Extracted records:
----

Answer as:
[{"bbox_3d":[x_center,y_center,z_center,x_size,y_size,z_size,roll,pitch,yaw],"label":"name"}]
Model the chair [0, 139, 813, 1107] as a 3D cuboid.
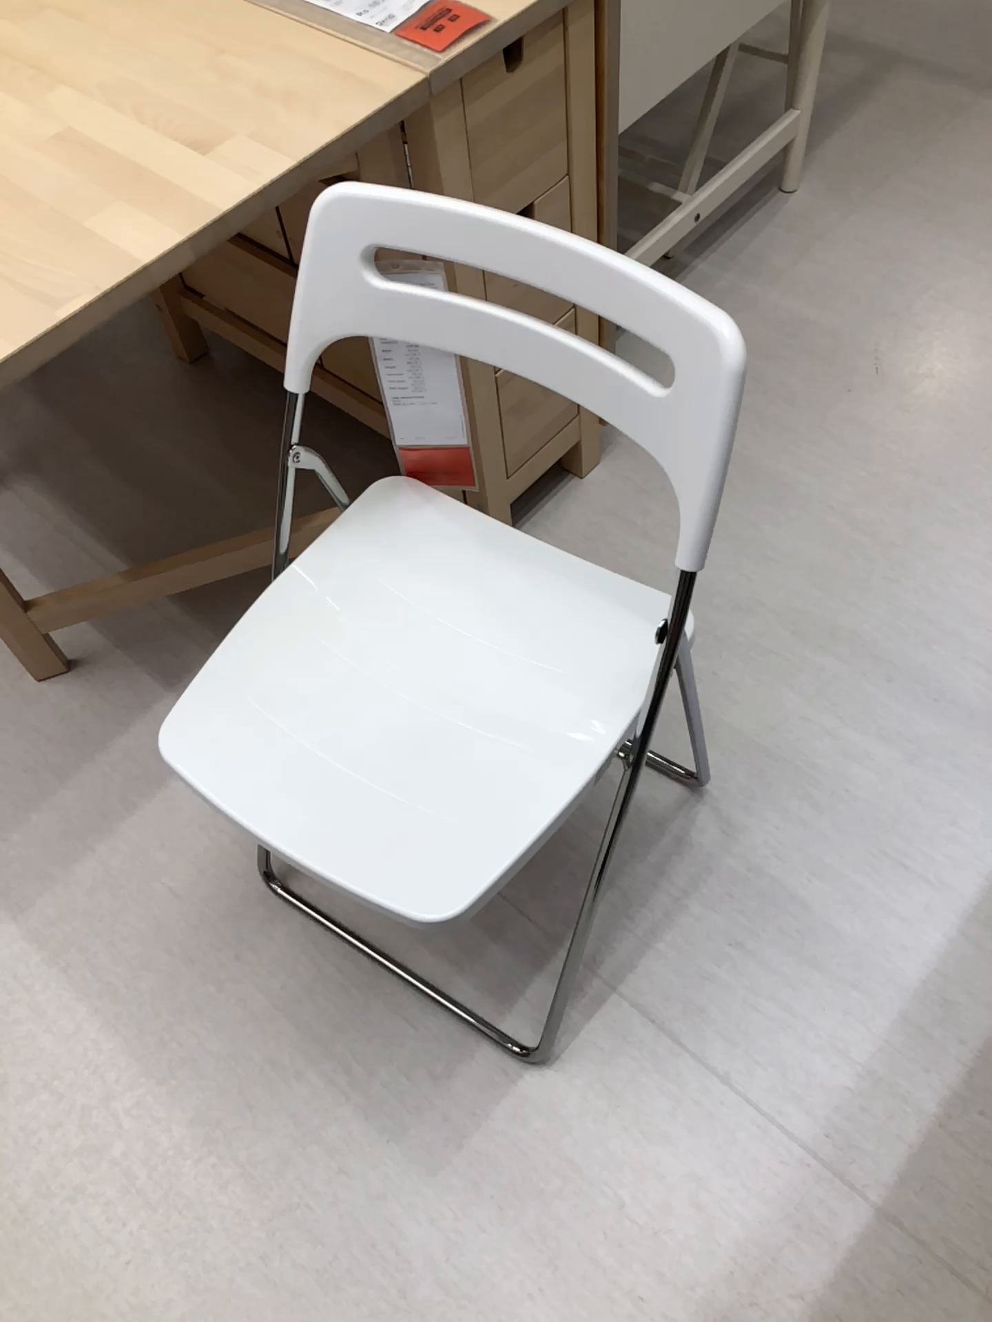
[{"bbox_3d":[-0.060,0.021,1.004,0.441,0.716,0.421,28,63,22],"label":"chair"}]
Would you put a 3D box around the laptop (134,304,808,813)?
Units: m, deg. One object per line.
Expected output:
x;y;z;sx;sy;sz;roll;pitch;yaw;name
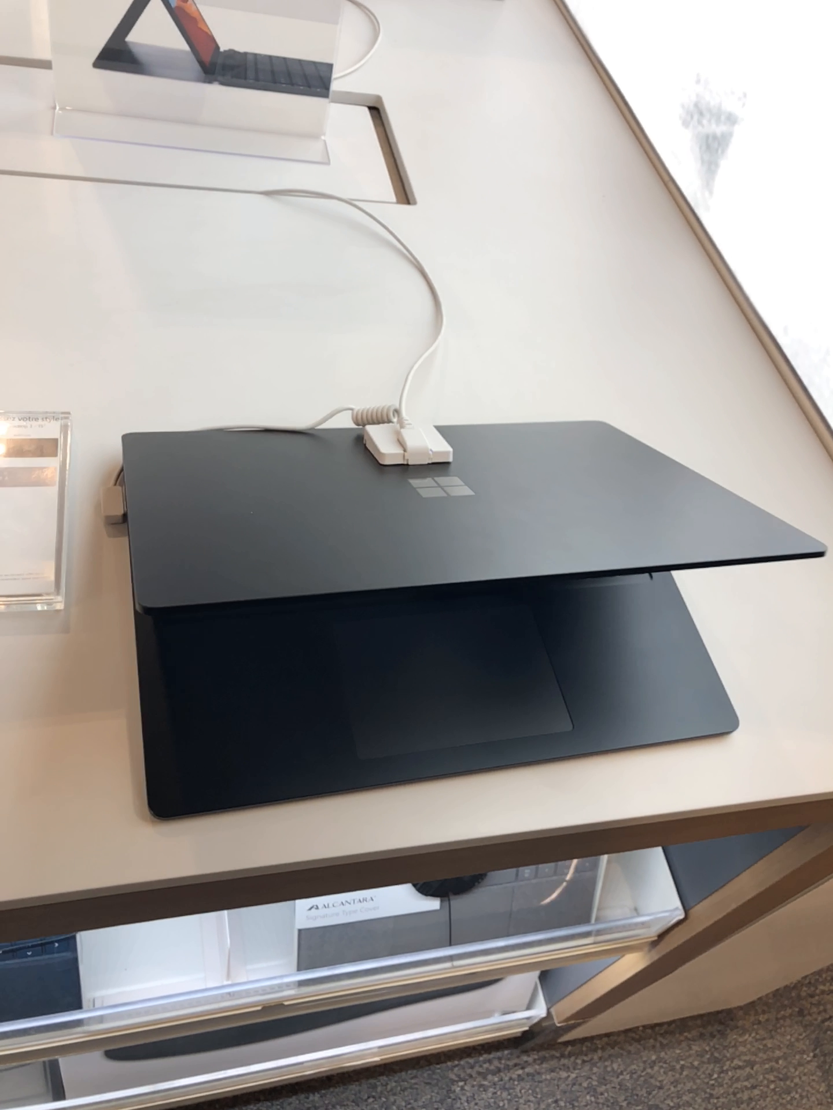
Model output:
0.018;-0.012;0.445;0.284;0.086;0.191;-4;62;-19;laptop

----

Work to be completed:
Set down every record once more, word for word, without pictures.

Answer for the task:
Answer as:
[{"bbox_3d":[x_center,y_center,z_center,x_size,y_size,z_size,roll,pitch,yaw],"label":"name"}]
Model the chair [0, 139, 813, 1107] as a 3D cuboid.
[{"bbox_3d":[-0.060,0.021,1.004,0.441,0.716,0.421,28,63,22],"label":"chair"}]
Would you put a 3D box around the laptop (134,304,808,813)?
Units: m, deg. One object per line.
Expected output:
x;y;z;sx;sy;sz;roll;pitch;yaw;name
Model output:
0.018;-0.012;0.445;0.284;0.086;0.191;-4;62;-19;laptop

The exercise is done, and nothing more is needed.